BeginnerAWSUpdated 2026-05-01

AWS S3 Complete Guide

What You Will Learn

Amazon S3 is object storage used for files, backups, static assets, logs, data lakes, and static websites. This guide explains buckets, objects, access, storage classes, lifecycle rules, and best practices.

Prerequisites

  • AWS account
  • Basic cloud storage understanding
  • IAM basics

Concept Overview

S3 stores data as objects inside buckets. Each object has a key, value, metadata, and permissions.

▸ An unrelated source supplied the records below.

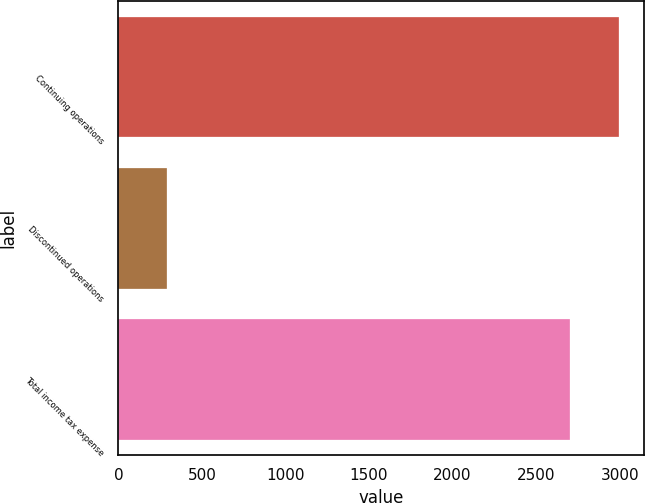Convert chart. <chart><loc_0><loc_0><loc_500><loc_500><bar_chart><fcel>Continuing operations<fcel>Discontinued operations<fcel>Total income tax expense<nl><fcel>2994<fcel>289<fcel>2705<nl></chart> 
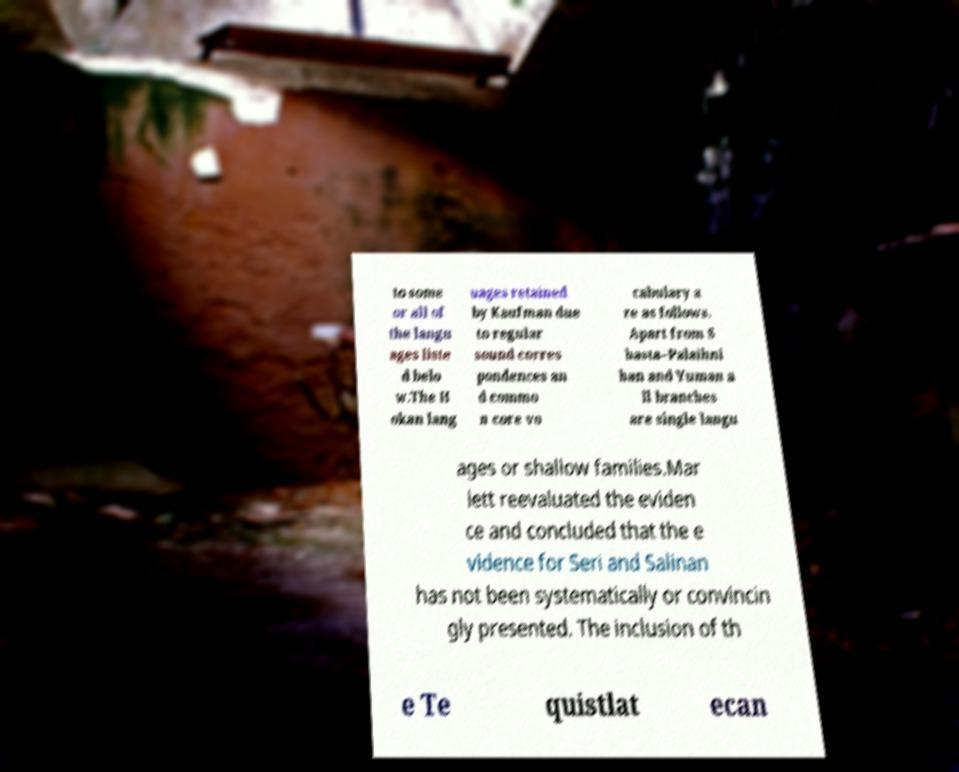Could you assist in decoding the text presented in this image and type it out clearly? to some or all of the langu ages liste d belo w.The H okan lang uages retained by Kaufman due to regular sound corres pondences an d commo n core vo cabulary a re as follows. Apart from S hasta–Palaihni han and Yuman a ll branches are single langu ages or shallow families.Mar lett reevaluated the eviden ce and concluded that the e vidence for Seri and Salinan has not been systematically or convincin gly presented. The inclusion of th e Te quistlat ecan 
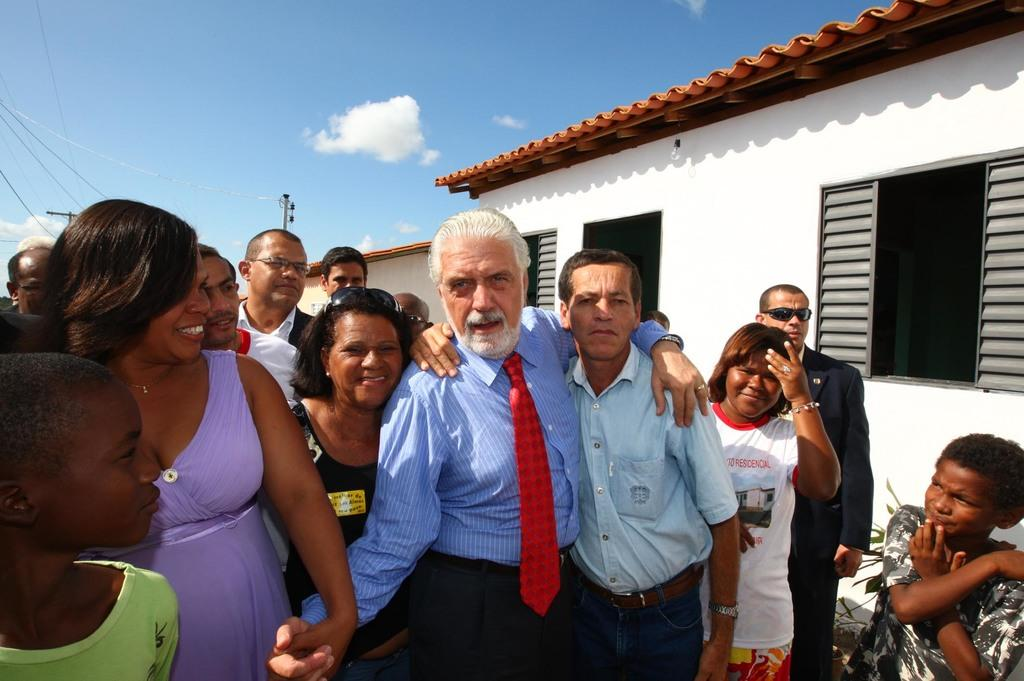What are the people in the image doing? The people in the image are standing in front of a house. What features can be seen on the house? The house has windows. What objects are visible behind the house? There are two poles behind the house. What is visible in the sky in the image? Clouds are visible in the sky. Is there a cable connecting the two poles behind the house? There is no mention of a cable connecting the two poles in the provided facts, so we cannot determine if one is present. Are the people in the image spying on the house? There is no indication in the image or the provided facts that the people are spying on the house. 
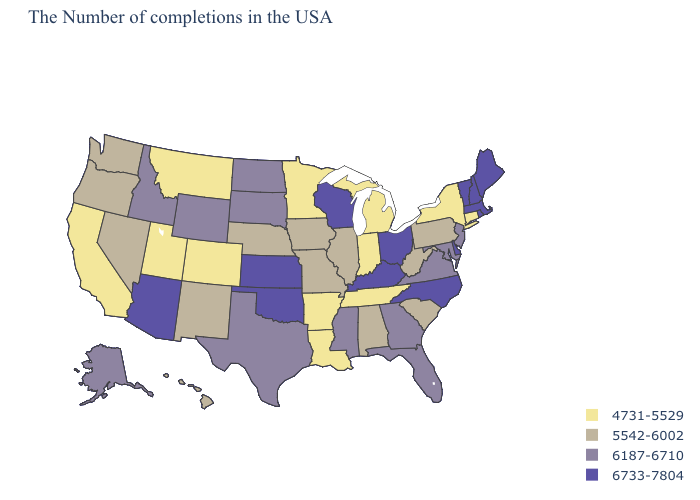What is the value of Alaska?
Answer briefly. 6187-6710. What is the highest value in states that border Vermont?
Answer briefly. 6733-7804. What is the lowest value in the USA?
Write a very short answer. 4731-5529. Which states have the highest value in the USA?
Write a very short answer. Maine, Massachusetts, Rhode Island, New Hampshire, Vermont, Delaware, North Carolina, Ohio, Kentucky, Wisconsin, Kansas, Oklahoma, Arizona. Among the states that border Kentucky , does Indiana have the lowest value?
Short answer required. Yes. Does Minnesota have the lowest value in the MidWest?
Write a very short answer. Yes. Among the states that border Illinois , which have the lowest value?
Quick response, please. Indiana. Name the states that have a value in the range 5542-6002?
Concise answer only. Pennsylvania, South Carolina, West Virginia, Alabama, Illinois, Missouri, Iowa, Nebraska, New Mexico, Nevada, Washington, Oregon, Hawaii. Name the states that have a value in the range 6733-7804?
Be succinct. Maine, Massachusetts, Rhode Island, New Hampshire, Vermont, Delaware, North Carolina, Ohio, Kentucky, Wisconsin, Kansas, Oklahoma, Arizona. What is the value of Florida?
Concise answer only. 6187-6710. Name the states that have a value in the range 4731-5529?
Write a very short answer. Connecticut, New York, Michigan, Indiana, Tennessee, Louisiana, Arkansas, Minnesota, Colorado, Utah, Montana, California. Name the states that have a value in the range 5542-6002?
Write a very short answer. Pennsylvania, South Carolina, West Virginia, Alabama, Illinois, Missouri, Iowa, Nebraska, New Mexico, Nevada, Washington, Oregon, Hawaii. What is the value of Delaware?
Short answer required. 6733-7804. Does North Dakota have the lowest value in the MidWest?
Answer briefly. No. What is the lowest value in states that border Michigan?
Concise answer only. 4731-5529. 
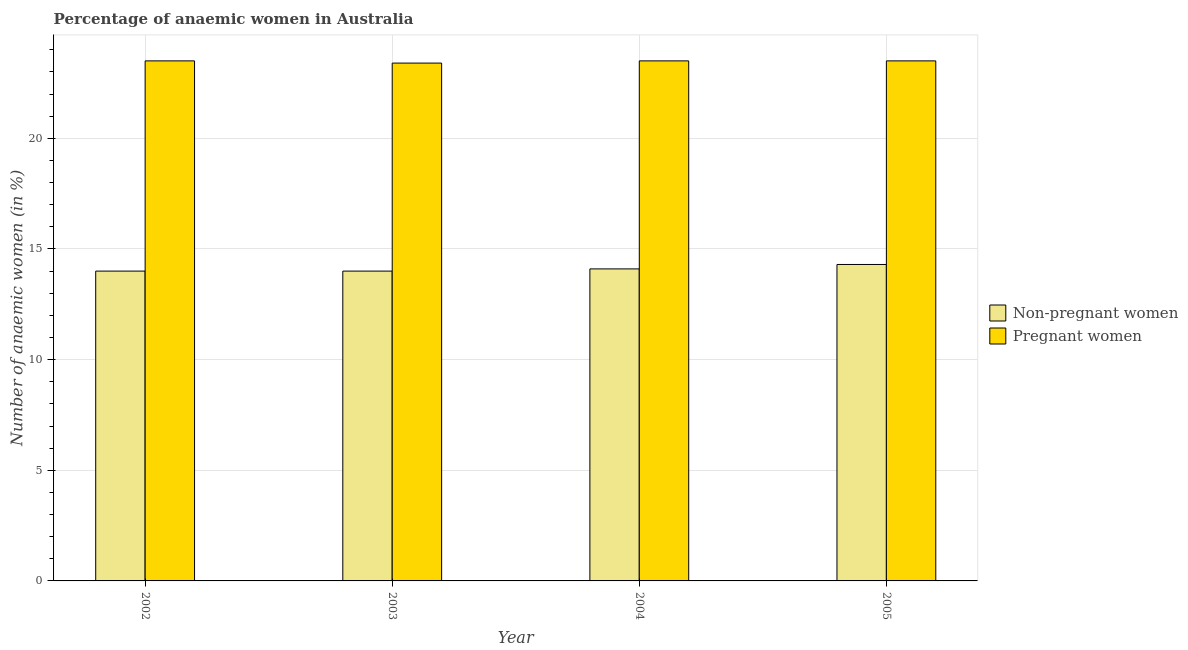Are the number of bars per tick equal to the number of legend labels?
Provide a succinct answer. Yes. How many bars are there on the 3rd tick from the right?
Give a very brief answer. 2. What is the label of the 2nd group of bars from the left?
Offer a terse response. 2003. In how many cases, is the number of bars for a given year not equal to the number of legend labels?
Ensure brevity in your answer.  0. Across all years, what is the minimum percentage of pregnant anaemic women?
Your response must be concise. 23.4. What is the total percentage of pregnant anaemic women in the graph?
Offer a terse response. 93.9. What is the difference between the percentage of pregnant anaemic women in 2002 and that in 2004?
Provide a succinct answer. 0. What is the difference between the percentage of pregnant anaemic women in 2003 and the percentage of non-pregnant anaemic women in 2002?
Ensure brevity in your answer.  -0.1. What is the average percentage of non-pregnant anaemic women per year?
Offer a terse response. 14.1. What is the ratio of the percentage of non-pregnant anaemic women in 2003 to that in 2004?
Make the answer very short. 0.99. Is the percentage of pregnant anaemic women in 2002 less than that in 2003?
Make the answer very short. No. Is the difference between the percentage of non-pregnant anaemic women in 2002 and 2005 greater than the difference between the percentage of pregnant anaemic women in 2002 and 2005?
Ensure brevity in your answer.  No. What is the difference between the highest and the second highest percentage of non-pregnant anaemic women?
Make the answer very short. 0.2. What is the difference between the highest and the lowest percentage of non-pregnant anaemic women?
Provide a succinct answer. 0.3. Is the sum of the percentage of non-pregnant anaemic women in 2002 and 2005 greater than the maximum percentage of pregnant anaemic women across all years?
Offer a very short reply. Yes. What does the 1st bar from the left in 2005 represents?
Offer a terse response. Non-pregnant women. What does the 1st bar from the right in 2004 represents?
Make the answer very short. Pregnant women. How many bars are there?
Your answer should be compact. 8. Are all the bars in the graph horizontal?
Provide a succinct answer. No. How many years are there in the graph?
Offer a terse response. 4. Are the values on the major ticks of Y-axis written in scientific E-notation?
Keep it short and to the point. No. Does the graph contain any zero values?
Make the answer very short. No. Does the graph contain grids?
Your answer should be compact. Yes. Where does the legend appear in the graph?
Keep it short and to the point. Center right. How are the legend labels stacked?
Give a very brief answer. Vertical. What is the title of the graph?
Your answer should be compact. Percentage of anaemic women in Australia. Does "Domestic Liabilities" appear as one of the legend labels in the graph?
Ensure brevity in your answer.  No. What is the label or title of the X-axis?
Your response must be concise. Year. What is the label or title of the Y-axis?
Offer a terse response. Number of anaemic women (in %). What is the Number of anaemic women (in %) of Non-pregnant women in 2002?
Provide a succinct answer. 14. What is the Number of anaemic women (in %) in Pregnant women in 2002?
Keep it short and to the point. 23.5. What is the Number of anaemic women (in %) of Non-pregnant women in 2003?
Your answer should be very brief. 14. What is the Number of anaemic women (in %) of Pregnant women in 2003?
Your response must be concise. 23.4. What is the Number of anaemic women (in %) of Non-pregnant women in 2005?
Offer a very short reply. 14.3. What is the Number of anaemic women (in %) in Pregnant women in 2005?
Provide a succinct answer. 23.5. Across all years, what is the maximum Number of anaemic women (in %) in Pregnant women?
Provide a succinct answer. 23.5. Across all years, what is the minimum Number of anaemic women (in %) of Pregnant women?
Make the answer very short. 23.4. What is the total Number of anaemic women (in %) in Non-pregnant women in the graph?
Your answer should be very brief. 56.4. What is the total Number of anaemic women (in %) of Pregnant women in the graph?
Your answer should be compact. 93.9. What is the difference between the Number of anaemic women (in %) in Non-pregnant women in 2002 and that in 2004?
Make the answer very short. -0.1. What is the difference between the Number of anaemic women (in %) in Pregnant women in 2002 and that in 2004?
Keep it short and to the point. 0. What is the difference between the Number of anaemic women (in %) of Non-pregnant women in 2002 and that in 2005?
Ensure brevity in your answer.  -0.3. What is the difference between the Number of anaemic women (in %) in Pregnant women in 2002 and that in 2005?
Offer a very short reply. 0. What is the difference between the Number of anaemic women (in %) in Non-pregnant women in 2003 and that in 2005?
Your answer should be very brief. -0.3. What is the difference between the Number of anaemic women (in %) of Pregnant women in 2003 and that in 2005?
Offer a terse response. -0.1. What is the difference between the Number of anaemic women (in %) in Non-pregnant women in 2004 and that in 2005?
Offer a terse response. -0.2. What is the difference between the Number of anaemic women (in %) of Non-pregnant women in 2002 and the Number of anaemic women (in %) of Pregnant women in 2004?
Provide a short and direct response. -9.5. What is the difference between the Number of anaemic women (in %) in Non-pregnant women in 2002 and the Number of anaemic women (in %) in Pregnant women in 2005?
Ensure brevity in your answer.  -9.5. What is the difference between the Number of anaemic women (in %) in Non-pregnant women in 2003 and the Number of anaemic women (in %) in Pregnant women in 2005?
Provide a succinct answer. -9.5. What is the difference between the Number of anaemic women (in %) of Non-pregnant women in 2004 and the Number of anaemic women (in %) of Pregnant women in 2005?
Provide a succinct answer. -9.4. What is the average Number of anaemic women (in %) in Non-pregnant women per year?
Offer a very short reply. 14.1. What is the average Number of anaemic women (in %) of Pregnant women per year?
Ensure brevity in your answer.  23.48. In the year 2002, what is the difference between the Number of anaemic women (in %) in Non-pregnant women and Number of anaemic women (in %) in Pregnant women?
Your answer should be compact. -9.5. In the year 2004, what is the difference between the Number of anaemic women (in %) of Non-pregnant women and Number of anaemic women (in %) of Pregnant women?
Your answer should be very brief. -9.4. What is the ratio of the Number of anaemic women (in %) of Non-pregnant women in 2002 to that in 2003?
Offer a very short reply. 1. What is the ratio of the Number of anaemic women (in %) of Pregnant women in 2002 to that in 2003?
Offer a terse response. 1. What is the ratio of the Number of anaemic women (in %) in Non-pregnant women in 2002 to that in 2004?
Your answer should be very brief. 0.99. What is the ratio of the Number of anaemic women (in %) in Pregnant women in 2002 to that in 2004?
Provide a short and direct response. 1. What is the ratio of the Number of anaemic women (in %) of Non-pregnant women in 2002 to that in 2005?
Your answer should be very brief. 0.98. What is the ratio of the Number of anaemic women (in %) of Pregnant women in 2003 to that in 2004?
Make the answer very short. 1. What is the ratio of the Number of anaemic women (in %) in Non-pregnant women in 2003 to that in 2005?
Your answer should be very brief. 0.98. What is the ratio of the Number of anaemic women (in %) in Pregnant women in 2003 to that in 2005?
Offer a terse response. 1. What is the difference between the highest and the second highest Number of anaemic women (in %) in Non-pregnant women?
Provide a succinct answer. 0.2. What is the difference between the highest and the second highest Number of anaemic women (in %) of Pregnant women?
Your answer should be very brief. 0. What is the difference between the highest and the lowest Number of anaemic women (in %) of Pregnant women?
Give a very brief answer. 0.1.

S3 is highly durable and designed for many storage patterns.

Step-by-Step Explanation

  1. Create a bucket with a globally unique name.
  2. Choose the AWS Region.
  3. Keep public access blocked unless you have a specific public use case.
  4. Upload objects using the console, CLI, SDK, or application.
  5. Use bucket policies and IAM permissions carefully.
  6. Choose storage classes based on access frequency.
  7. Add lifecycle rules to transition or expire old data.
  8. Enable versioning where accidental overwrite or delete protection matters.
  9. Use CloudFront for public static assets.

Code Example

BASH
aws s3 mb s3://my-private-app-assets --region ap-south-1
aws s3api put-bucket-versioning \
  --bucket my-private-app-assets \
  --versioning-configuration Status=Enabled
aws s3 sync ./dist s3://my-private-app-assets/react-app/ --delete

Real-World Use Cases

  • Static website hosting
  • React app build hosting
  • User-uploaded files
  • Application logs
  • Backups
  • Data lake storage

Best Practices

  • Keep buckets private by default.
  • Use IAM roles instead of long-lived access keys.
  • Enable encryption.
  • Use lifecycle policies for cost control.
  • Put CloudFront in front of public assets.
  • Enable versioning for important data.
  • Monitor access with CloudTrail and S3 server access logs where needed.

Common Mistakes

  • Making buckets public accidentally
  • Storing secrets in public objects
  • Not setting lifecycle rules
  • Using one bucket for unrelated environments
  • Giving broad s3:* permissions

Interview Questions

  • What is the difference between a bucket and an object?
  • How does S3 versioning help?
  • What are S3 storage classes?
  • Why use CloudFront with S3?
  • How do bucket policies differ from IAM policies?

Summary

S3 is simple to start but powerful in production. The safest default is private storage, least-privilege IAM, encryption, lifecycle rules, and CloudFront for public delivery.